It’s important to understand that the Random.int function itself doesn’t generate a random number. It returns a generator which can be passed to other functions such as step that will in turn ask that generator to produce the actual random numbers.

Think of a generator as a recipe for generating certain types of random values. So Random.int 0 100 describes how to create a recipe for generating integers between 0 and 100. Similarly, Random.float 0 1 describes how to create a recipe for generating floating-point numbers between 0 and 1.

Next, we’ll capture the new seed returned by the step function so that we can use it to generate a different random number.

> result = Random.step (Random.int 0 100) seed0
(35,Seed 1195359672 1013904223)
    : ( Int, Random.Seed )

> randomNumber = Tuple.first result
35 : Int

> newSeed = Tuple.second result
Seed 1195359672 1013904223 : Random.Seed

Now, we’re ready to generate a new random number.
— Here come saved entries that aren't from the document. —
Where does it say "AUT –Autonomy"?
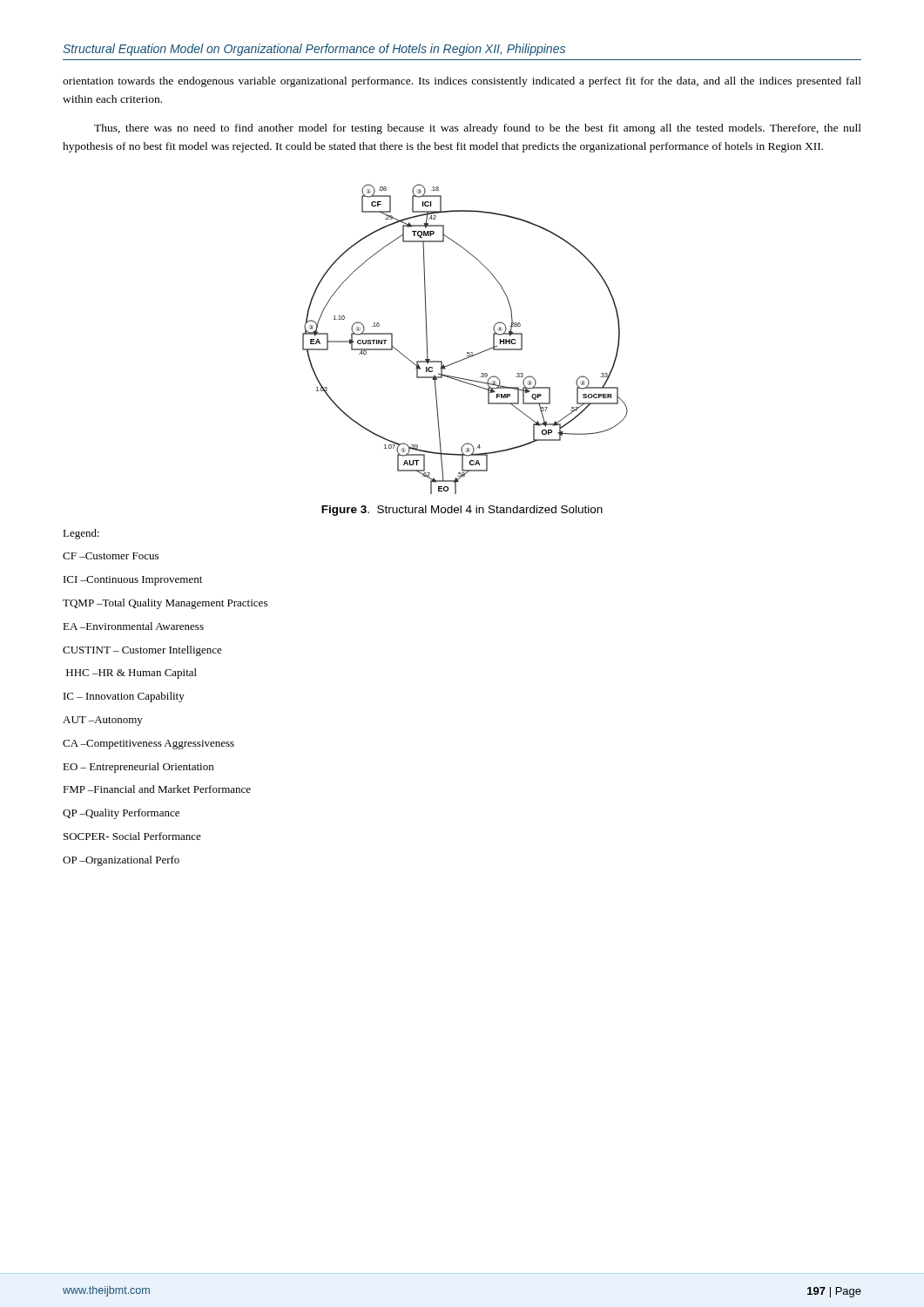The width and height of the screenshot is (924, 1307). click(x=103, y=719)
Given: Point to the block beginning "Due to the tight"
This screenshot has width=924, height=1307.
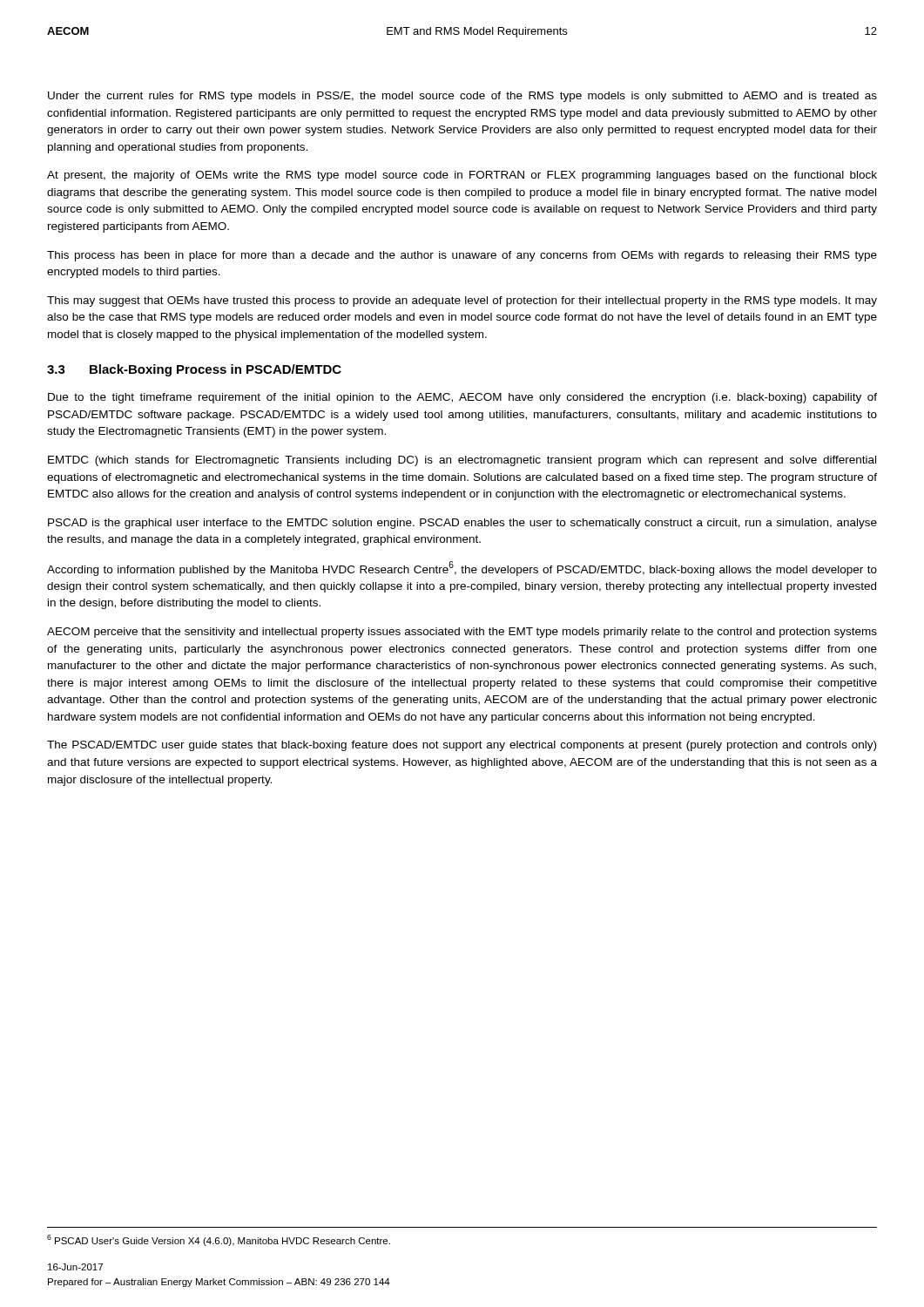Looking at the screenshot, I should [x=462, y=414].
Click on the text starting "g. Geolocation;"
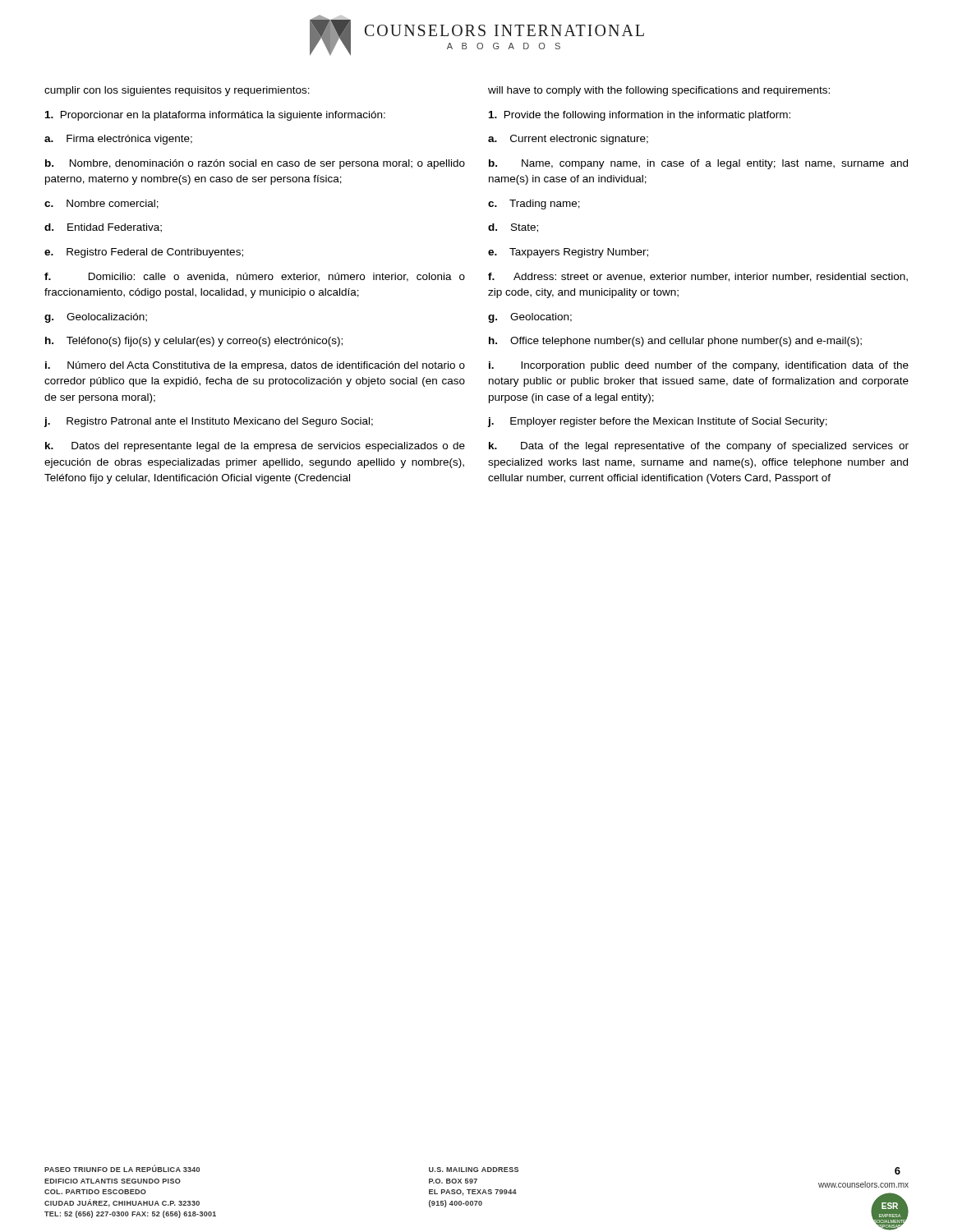Screen dimensions: 1232x953 coord(530,316)

> Random.step (Random.int 0 100) newSeed
(91,Seed 3342525879 1013904223)
    : ( Int, Random.Seed )

This time we got 91 as the new number. Last time it was 35. The numbers inside the Seed type also changed. If those numbers didn’t change we would get the same random number again and again. What this means is that Random.step is a pure function and doesn’t generate any side effects. It returns the exact same output given the same input.

Generating Random Numbers with Side Effects

The process of manually providing seed values, as we’ve done so far, has some drawbacks. First, it is cumbersome. Second, it makes the random number sequence predictable. Elm provides a way to get rid of these hurdles by picking an unpredictable initial seed value by default. It does so by using the current time generated by a real-time clock embedded in our computers to produce seed values.
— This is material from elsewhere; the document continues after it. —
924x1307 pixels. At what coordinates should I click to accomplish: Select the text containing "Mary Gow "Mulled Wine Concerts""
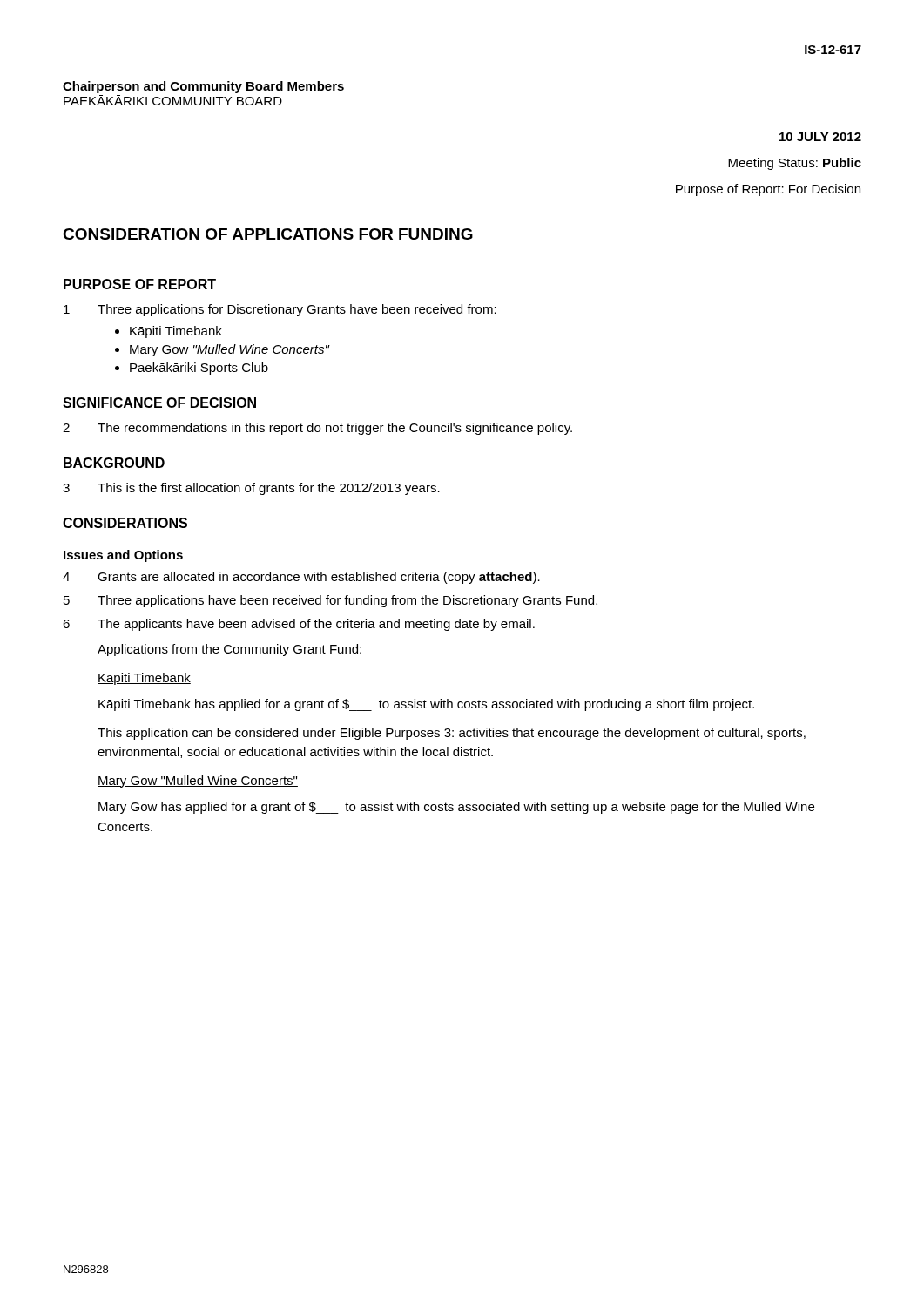tap(198, 780)

As soon as we transfer the responsibility of picking the initial seed value to the Elm runtime, the random number generation process causes side effects. To get the initial seed value, it has to now interact with a real-time clock, which is part of the outside world. This is where commands come in handy.

To generate random numbers with side effects we need to follow the Elm Architecture. It’s hard to write a full fledged program in repl, so we’ll create a new file called RandomNumber.elm in the beginning-elm/src directory.

Model

The first thing we need to define is our model. Add the following code to RandomNumber.elm.
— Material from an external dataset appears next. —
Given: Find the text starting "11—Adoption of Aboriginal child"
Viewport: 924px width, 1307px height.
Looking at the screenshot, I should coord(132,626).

module RandomNumber exposing (Model)


type alias Model =
    Int

All we need to keep track of here is a number. The above model looks exactly like the one we defined for the counter app in Model View Update - Part 1. Next, we need to create an initial model. Add the following code to the bottom of RandomNumber.elm.

init : ( Model, Cmd msg )
init =
    ( 0, Cmd.none )

When commands are involved, the code for initializing our model becomes a little more complex. In the counter app, all we had to do was return an integer as shown below.

initialModel : Model
initialModel =
    0

Let’s go through each change one by one.

Change #1: The function name changed from initialModel to init since we’re doing more than just initializing a model.

Change #2: The init function now returns a tuple. The first element represents the model and the second element represents commands. In addition to providing an initial value for the model, we need to tell the runtime what commands to run when the app is being loaded. Since we don’t want to run any commands during initialization, we simply return Cmd.none. The Cmd type represents commands in Elm. It’s defined in the Platform.Cmd module. none is a constant which returns an empty list of commands. It’s also defined in the Platform.Cmd module.

Let’s say when our app is launched we need to restore its state from a remote server which lies outside the boundary of our app. In this scenario, we need to rely on the Elm runtime to retrieve the state by returning a command from init.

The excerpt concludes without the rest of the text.